There seems to be a convenient fiction propagated by corporations, government bureaucrats and academics who depend on grant money from corporations and government, that genes from bacteria are used in producing food crops or that genes from humans are used to produced plant biopharmaceuticals, when, in fact, the genes used are synthetic approximations to the real things. Even the courts seem to have accepted this convenient fiction as fact.
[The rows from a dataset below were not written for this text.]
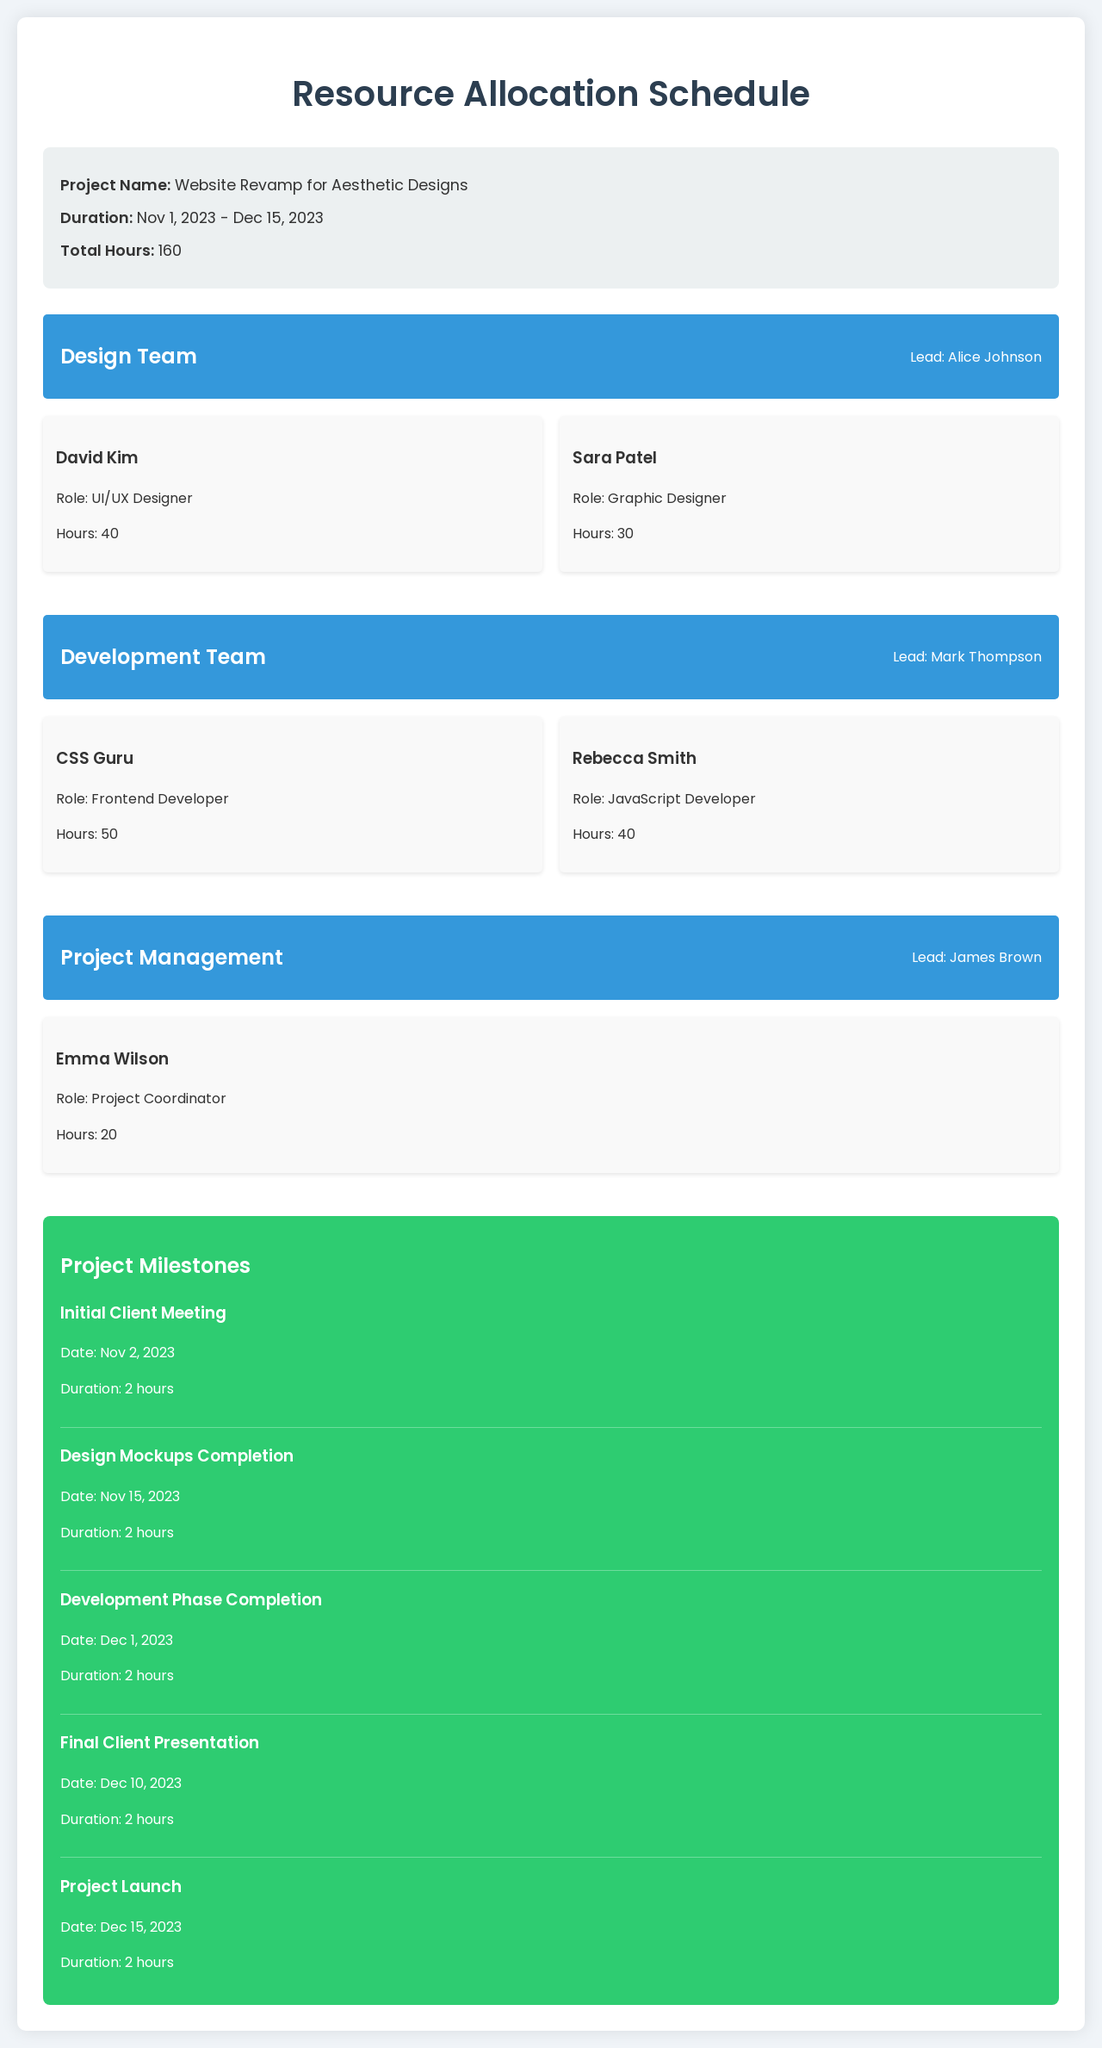What is the project name? The project name is specified in the document under the project info section.
Answer: Website Revamp for Aesthetic Designs What are the total hours allocated for the project? The total hours are found in the project info section, which summarizes the overall time for the project.
Answer: 160 Who is the lead for the Design Team? The lead for the Design Team is mentioned at the top of the respective section.
Answer: Alice Johnson How many hours is the CSS Guru allocated? The CSS Guru's hours are listed under the Development Team section.
Answer: 50 When is the Initial Client Meeting scheduled? The schedule lists specific dates for milestones, including the first meeting.
Answer: Nov 2, 2023 Which role does Emma Wilson fulfill? Emma Wilson’s role is stated in the Project Management section.
Answer: Project Coordinator What is the duration of the Design Mockups Completion? The duration is detailed under the milestones section for that specific task.
Answer: 2 hours Are there any tasks scheduled for Dec 15, 2023? The document outlines milestones with corresponding dates, including that date.
Answer: Yes, Project Launch How many team members are in the Development Team? The total number of team members is counted in the Development Team section.
Answer: 2 
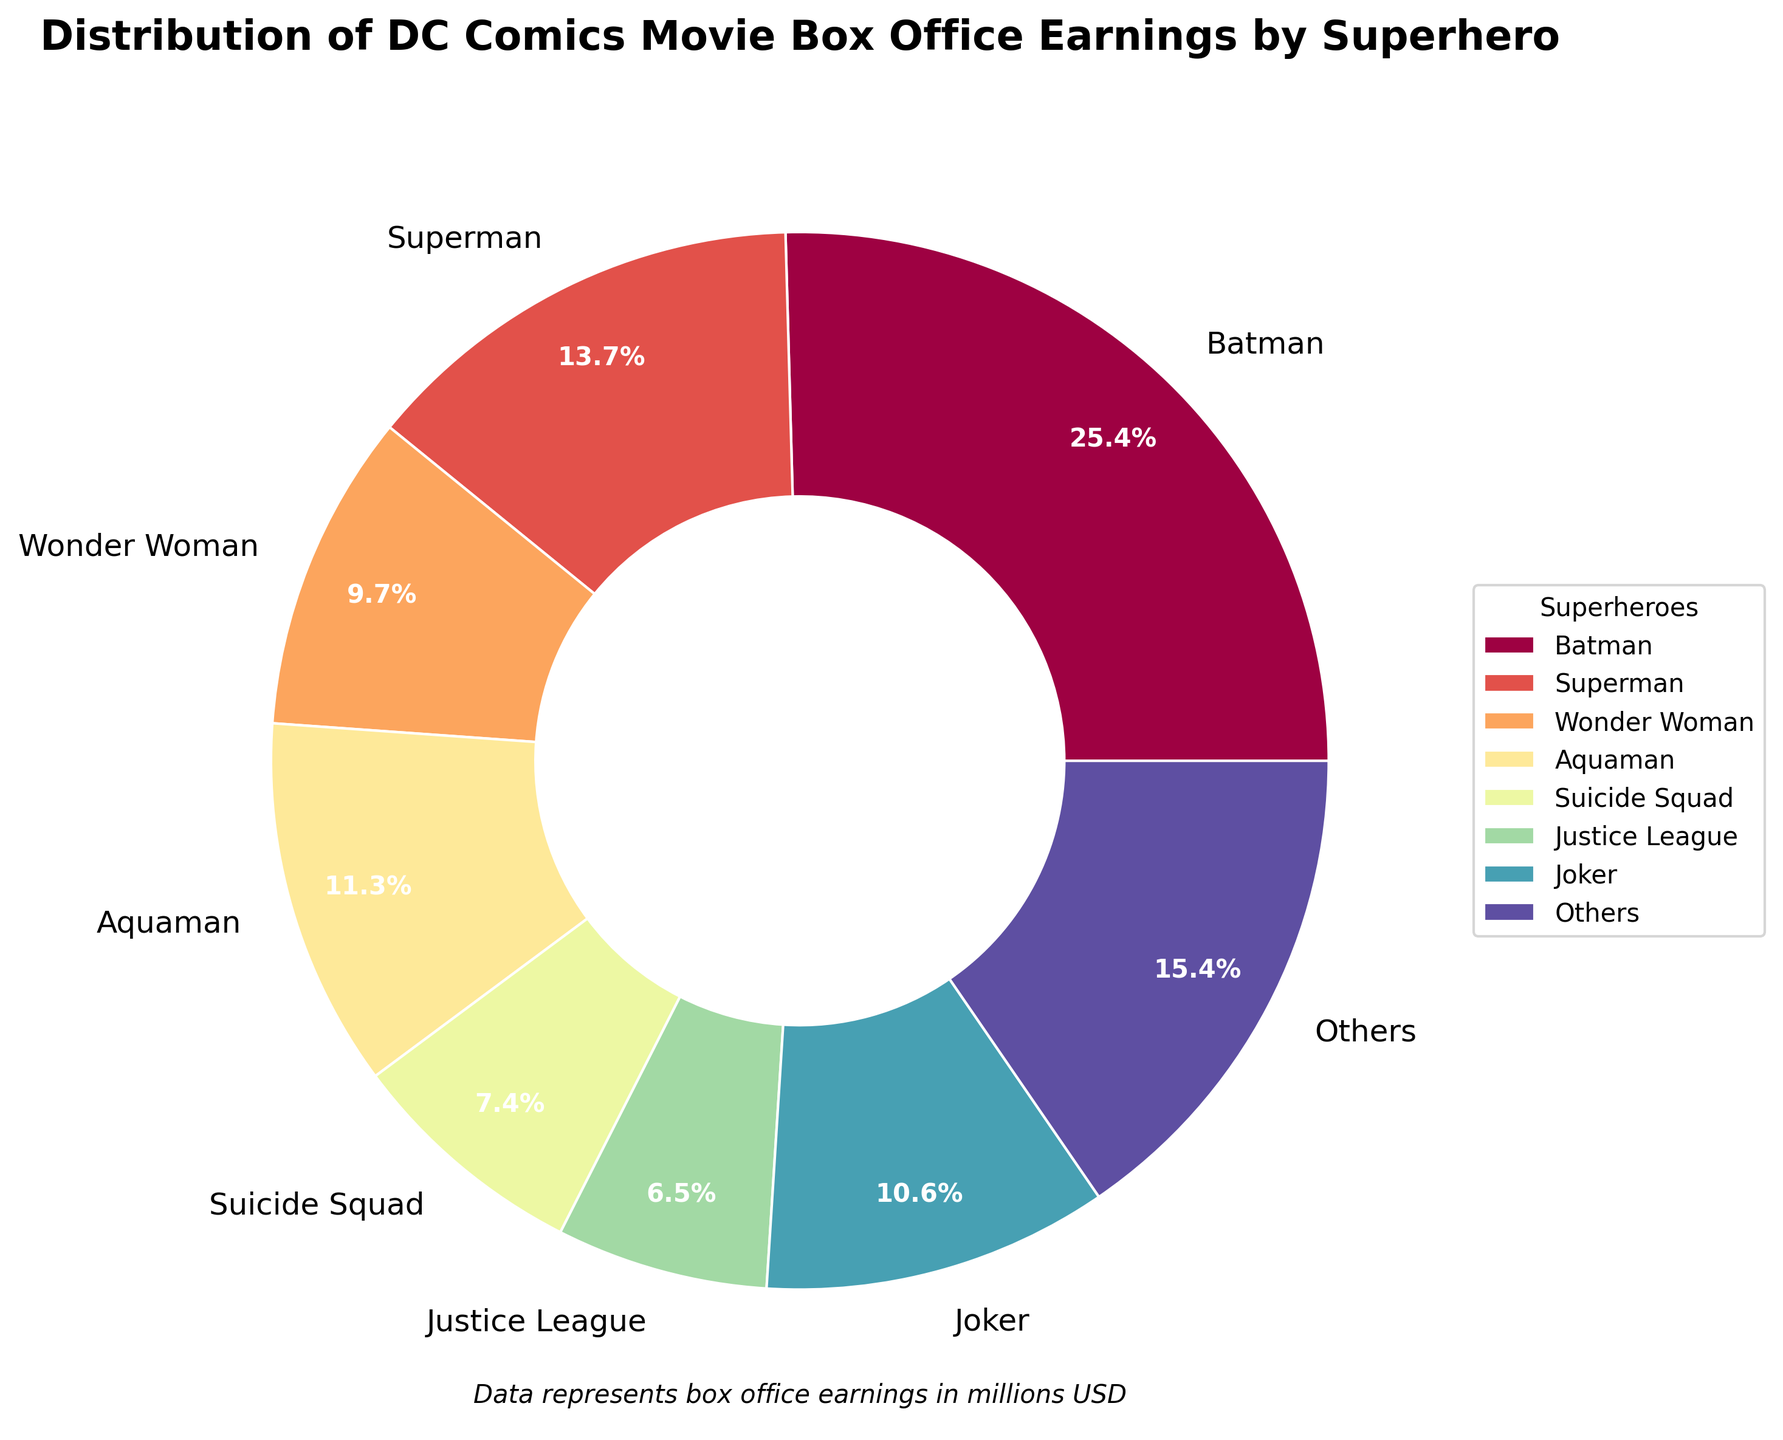What percentage of the total box office earnings does Batman represent? Batman's earnings are 2584 million USD. To find the percentage, divide Batman's earnings by the total earnings and multiply by 100. The total earnings are the sum of earnings from all superheroes (9980 million USD). So, (2584 / 9980) * 100 ≈ 25.9%
Answer: 25.9% Which superhero has the second highest box office earnings? By looking at the sizes of the pie chart segments, the superhero with the second largest segment is Superman with 1392 million USD.
Answer: Superman What are the total box office earnings for Superman and Wonder Woman combined? Superman and Wonder Woman have earnings of 1392 million USD and 989 million USD, respectively. Adding these together: 1392 + 989 = 2381 million USD.
Answer: 2381 million USD Who has a larger share of the total box office earnings, The Flash or Shazam? Comparing the sizes of the pie chart segments, Shazam's segment (366 million USD) is larger than The Flash's segment (270 million USD).
Answer: Shazam How much more did Joker earn compared to Aquaman? Joker's earnings are 1074 million USD, while Aquaman's are 1148 million USD. The difference is 1148 - 1074 = 74 million USD.
Answer: 74 million USD What percentage of the total box office earnings do the "Others" category represent? First, calculate the total earnings for superheroes not individually listed: Cyborg (15), Green Lantern (219), Catwoman (82), Constantine (230), Watchmen (185), and Harley Quinn (201). Summing these: 15 + 219 + 82 + 230 + 185 + 201 = 932 million USD. Then, divide by total earnings and multiply by 100: (932 / 9980) * 100 ≈ 9.3%.
Answer: 9.3% Which superhero has the smallest individual earnings on the chart? By the size of the pie chart segments and given the data, Cyborg has the smallest individual earnings with 15 million USD.
Answer: Cyborg If we combine the earnings of Suicide Squad and Justice League, would it surpass Batman's earnings? Suicide Squad's earnings are 747 million USD and Justice League's are 658 million USD. Combined: 747 + 658 = 1405 million USD, which is less than Batman's 2584 million USD.
Answer: No What percentage of the pie do Aquaman's and Wonder Woman's earnings make together? Aquaman's earnings are 1148 million USD and Wonder Woman's are 989 million USD. Combined, they are 1148 + 989 = 2137 million USD. The total earnings are 9980 million USD. So, (2137 / 9980) * 100 ≈ 21.4%.
Answer: 21.4% What colors represent Batman and Superman in the pie chart? According to the color scheme from the Spectral colormap used in the chart generation, specific colors are assigned, but one could refer to the visual elements of the supplied chart. Typically, Batman and Superman would have distinctly different colors for easy identification.
Answer: Batman: (color), Superman: (color) 
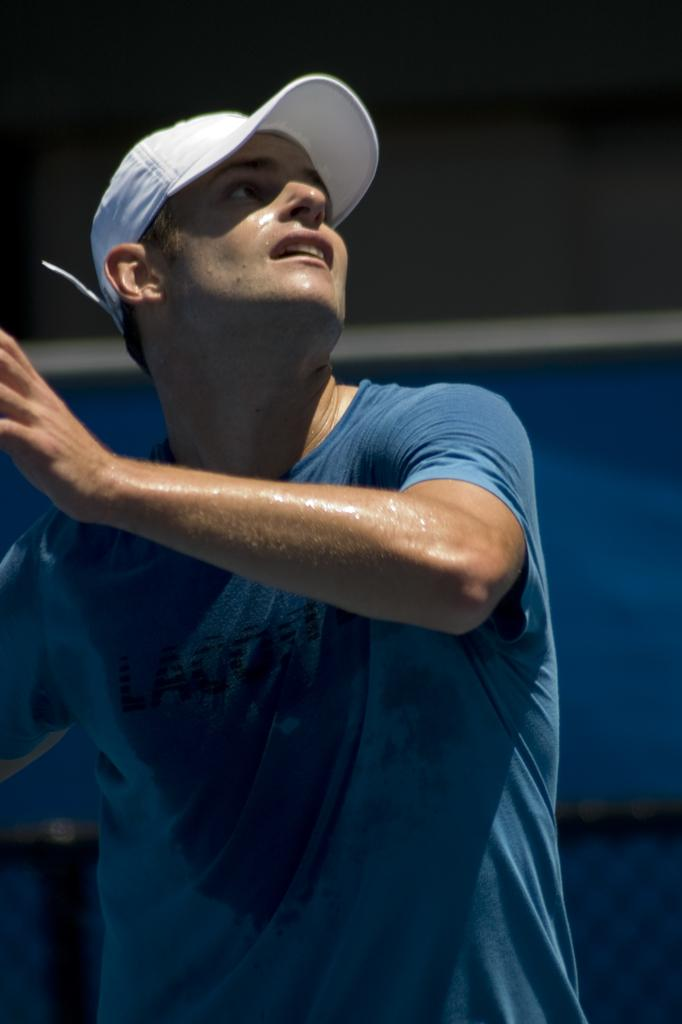What is the main subject of the image? There is a person in the center of the image. What color is the t-shirt that the person is wearing? The person is wearing a blue color t-shirt. What type of headwear is the person wearing? The person is wearing a white color cap. Does the person have wings visible in the image? No, the person does not have wings visible in the image. Can you see a zipper on the t-shirt in the image? No, there is no mention of a zipper on the t-shirt in the provided facts. 
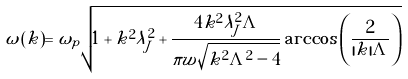Convert formula to latex. <formula><loc_0><loc_0><loc_500><loc_500>\omega ( k ) = \omega _ { p } \sqrt { 1 + k ^ { 2 } \lambda _ { J } ^ { 2 } + \frac { 4 k ^ { 2 } \lambda _ { J } ^ { 2 } \Lambda } { \pi w \sqrt { k ^ { 2 } \Lambda ^ { 2 } - 4 } } \arccos \left ( \frac { 2 } { | k | \Lambda } \right ) }</formula>

The next generation of GM crops is evolving towards a minimal assembly of active protein domains (domains are active area of proteins that serve as signals for activates such as toxicity or enzyme function or environment sensors for regulation) that are frequently patched together from a number of different proteins. Safety testing is based, once again, on unreal surrogates and the products are not labeled in the marketplace so that subtle changes caused by a few amino acid changes or failure to heed secondary protein modifications such as glycosylation will be difficult to trace as people are adversely affected by consuming the synthetic products in GM crops.

It is imperative that the synthetic genes and their products be tested thoroughly, not only for potentially toxic side effects but for stability and recombination properties as well. These synthetic genes have not had an evolutionary history and it is a major mistake to assume that the genes can be expected to behave in all ways like the genes that they were built to represent.